» Task prompt: When you reach the line with "Offer a terse response. 5.83." in the data below, begin printing lines exactly, and stop once the line with "Give a very brief answer. 1.45." has been printed.

··· Dataset records ···

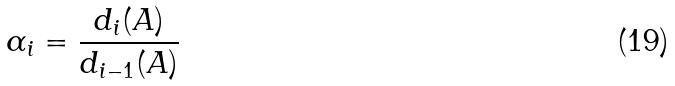<formula> <loc_0><loc_0><loc_500><loc_500>\alpha _ { i } = \frac { d _ { i } ( A ) } { d _ { i - 1 } ( A ) }</formula> 
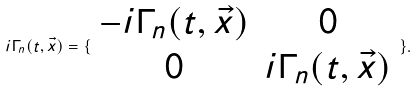<formula> <loc_0><loc_0><loc_500><loc_500>i \Gamma _ { n } ( t , \vec { x } ) = \{ \begin{array} { c c } - i \Gamma _ { n } ( t , \vec { x } ) & 0 \\ 0 & i \Gamma _ { n } ( t , \vec { x } ) \end{array} \} .</formula> 
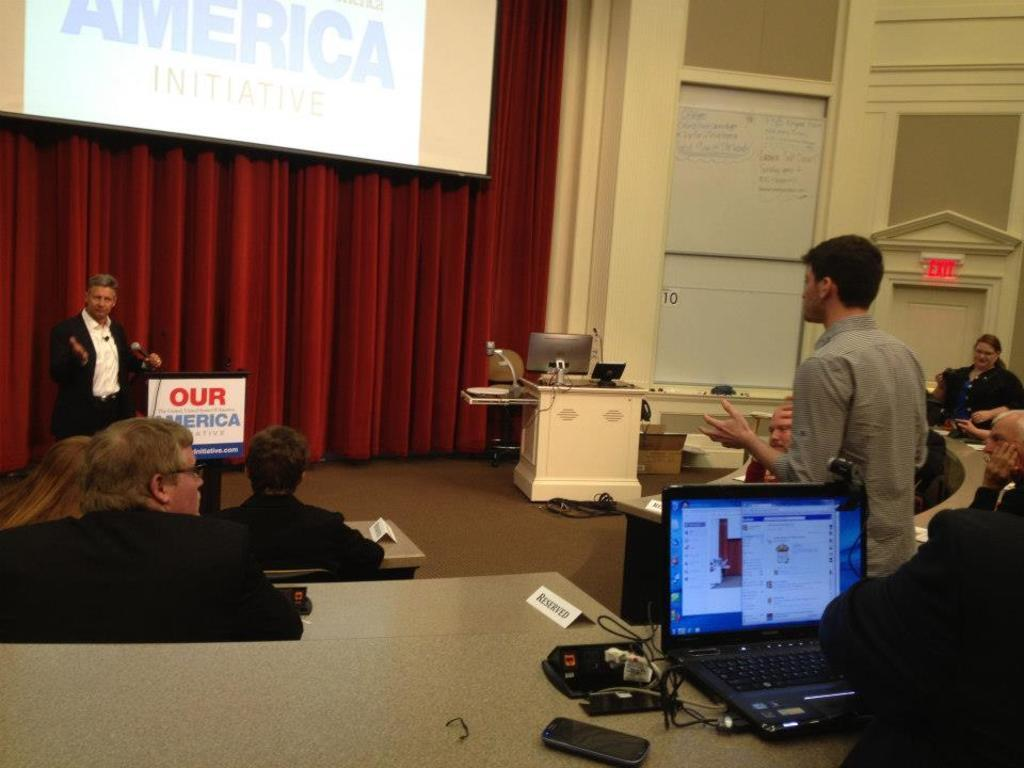<image>
Give a short and clear explanation of the subsequent image. Man giving a presentation while talking to a man standing in front of an Our America sign. 
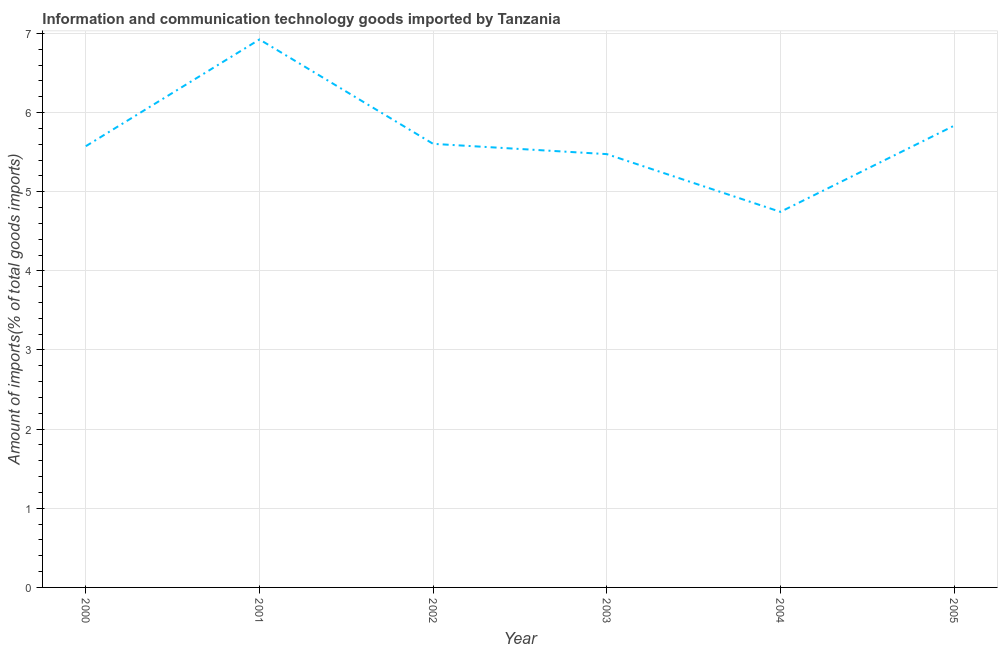What is the amount of ict goods imports in 2003?
Keep it short and to the point. 5.47. Across all years, what is the maximum amount of ict goods imports?
Your answer should be very brief. 6.92. Across all years, what is the minimum amount of ict goods imports?
Offer a terse response. 4.75. In which year was the amount of ict goods imports maximum?
Give a very brief answer. 2001. What is the sum of the amount of ict goods imports?
Provide a short and direct response. 34.16. What is the difference between the amount of ict goods imports in 2002 and 2005?
Your response must be concise. -0.23. What is the average amount of ict goods imports per year?
Give a very brief answer. 5.69. What is the median amount of ict goods imports?
Your response must be concise. 5.59. What is the ratio of the amount of ict goods imports in 2000 to that in 2003?
Your answer should be compact. 1.02. Is the difference between the amount of ict goods imports in 2000 and 2001 greater than the difference between any two years?
Offer a terse response. No. What is the difference between the highest and the second highest amount of ict goods imports?
Offer a terse response. 1.09. Is the sum of the amount of ict goods imports in 2000 and 2002 greater than the maximum amount of ict goods imports across all years?
Make the answer very short. Yes. What is the difference between the highest and the lowest amount of ict goods imports?
Keep it short and to the point. 2.18. In how many years, is the amount of ict goods imports greater than the average amount of ict goods imports taken over all years?
Give a very brief answer. 2. Does the amount of ict goods imports monotonically increase over the years?
Offer a very short reply. No. How many lines are there?
Provide a short and direct response. 1. How many years are there in the graph?
Provide a short and direct response. 6. What is the difference between two consecutive major ticks on the Y-axis?
Keep it short and to the point. 1. Does the graph contain any zero values?
Make the answer very short. No. What is the title of the graph?
Your answer should be very brief. Information and communication technology goods imported by Tanzania. What is the label or title of the Y-axis?
Provide a succinct answer. Amount of imports(% of total goods imports). What is the Amount of imports(% of total goods imports) of 2000?
Ensure brevity in your answer.  5.58. What is the Amount of imports(% of total goods imports) in 2001?
Provide a succinct answer. 6.92. What is the Amount of imports(% of total goods imports) in 2002?
Offer a terse response. 5.6. What is the Amount of imports(% of total goods imports) of 2003?
Your answer should be very brief. 5.47. What is the Amount of imports(% of total goods imports) in 2004?
Offer a very short reply. 4.75. What is the Amount of imports(% of total goods imports) of 2005?
Offer a terse response. 5.83. What is the difference between the Amount of imports(% of total goods imports) in 2000 and 2001?
Your response must be concise. -1.35. What is the difference between the Amount of imports(% of total goods imports) in 2000 and 2002?
Your answer should be very brief. -0.03. What is the difference between the Amount of imports(% of total goods imports) in 2000 and 2003?
Your response must be concise. 0.1. What is the difference between the Amount of imports(% of total goods imports) in 2000 and 2004?
Offer a terse response. 0.83. What is the difference between the Amount of imports(% of total goods imports) in 2000 and 2005?
Provide a short and direct response. -0.26. What is the difference between the Amount of imports(% of total goods imports) in 2001 and 2002?
Your response must be concise. 1.32. What is the difference between the Amount of imports(% of total goods imports) in 2001 and 2003?
Give a very brief answer. 1.45. What is the difference between the Amount of imports(% of total goods imports) in 2001 and 2004?
Provide a short and direct response. 2.18. What is the difference between the Amount of imports(% of total goods imports) in 2001 and 2005?
Your answer should be compact. 1.09. What is the difference between the Amount of imports(% of total goods imports) in 2002 and 2003?
Provide a short and direct response. 0.13. What is the difference between the Amount of imports(% of total goods imports) in 2002 and 2004?
Your answer should be compact. 0.86. What is the difference between the Amount of imports(% of total goods imports) in 2002 and 2005?
Provide a succinct answer. -0.23. What is the difference between the Amount of imports(% of total goods imports) in 2003 and 2004?
Provide a succinct answer. 0.73. What is the difference between the Amount of imports(% of total goods imports) in 2003 and 2005?
Your answer should be compact. -0.36. What is the difference between the Amount of imports(% of total goods imports) in 2004 and 2005?
Offer a very short reply. -1.09. What is the ratio of the Amount of imports(% of total goods imports) in 2000 to that in 2001?
Provide a succinct answer. 0.81. What is the ratio of the Amount of imports(% of total goods imports) in 2000 to that in 2003?
Your response must be concise. 1.02. What is the ratio of the Amount of imports(% of total goods imports) in 2000 to that in 2004?
Make the answer very short. 1.18. What is the ratio of the Amount of imports(% of total goods imports) in 2000 to that in 2005?
Your answer should be compact. 0.96. What is the ratio of the Amount of imports(% of total goods imports) in 2001 to that in 2002?
Provide a succinct answer. 1.24. What is the ratio of the Amount of imports(% of total goods imports) in 2001 to that in 2003?
Provide a succinct answer. 1.26. What is the ratio of the Amount of imports(% of total goods imports) in 2001 to that in 2004?
Your response must be concise. 1.46. What is the ratio of the Amount of imports(% of total goods imports) in 2001 to that in 2005?
Provide a short and direct response. 1.19. What is the ratio of the Amount of imports(% of total goods imports) in 2002 to that in 2003?
Your answer should be very brief. 1.02. What is the ratio of the Amount of imports(% of total goods imports) in 2002 to that in 2004?
Your answer should be very brief. 1.18. What is the ratio of the Amount of imports(% of total goods imports) in 2003 to that in 2004?
Keep it short and to the point. 1.15. What is the ratio of the Amount of imports(% of total goods imports) in 2003 to that in 2005?
Provide a succinct answer. 0.94. What is the ratio of the Amount of imports(% of total goods imports) in 2004 to that in 2005?
Give a very brief answer. 0.81.

···

» Solution below:
Offer a terse response. 5.83. What is the difference between the Amount of imports(% of total goods imports) in 2000 and 2001?
Your response must be concise. -1.35. What is the difference between the Amount of imports(% of total goods imports) in 2000 and 2002?
Your answer should be very brief. -0.03. What is the difference between the Amount of imports(% of total goods imports) in 2000 and 2003?
Your response must be concise. 0.1. What is the difference between the Amount of imports(% of total goods imports) in 2000 and 2004?
Offer a terse response. 0.83. What is the difference between the Amount of imports(% of total goods imports) in 2000 and 2005?
Provide a short and direct response. -0.26. What is the difference between the Amount of imports(% of total goods imports) in 2001 and 2002?
Your response must be concise. 1.32. What is the difference between the Amount of imports(% of total goods imports) in 2001 and 2003?
Give a very brief answer. 1.45. What is the difference between the Amount of imports(% of total goods imports) in 2001 and 2004?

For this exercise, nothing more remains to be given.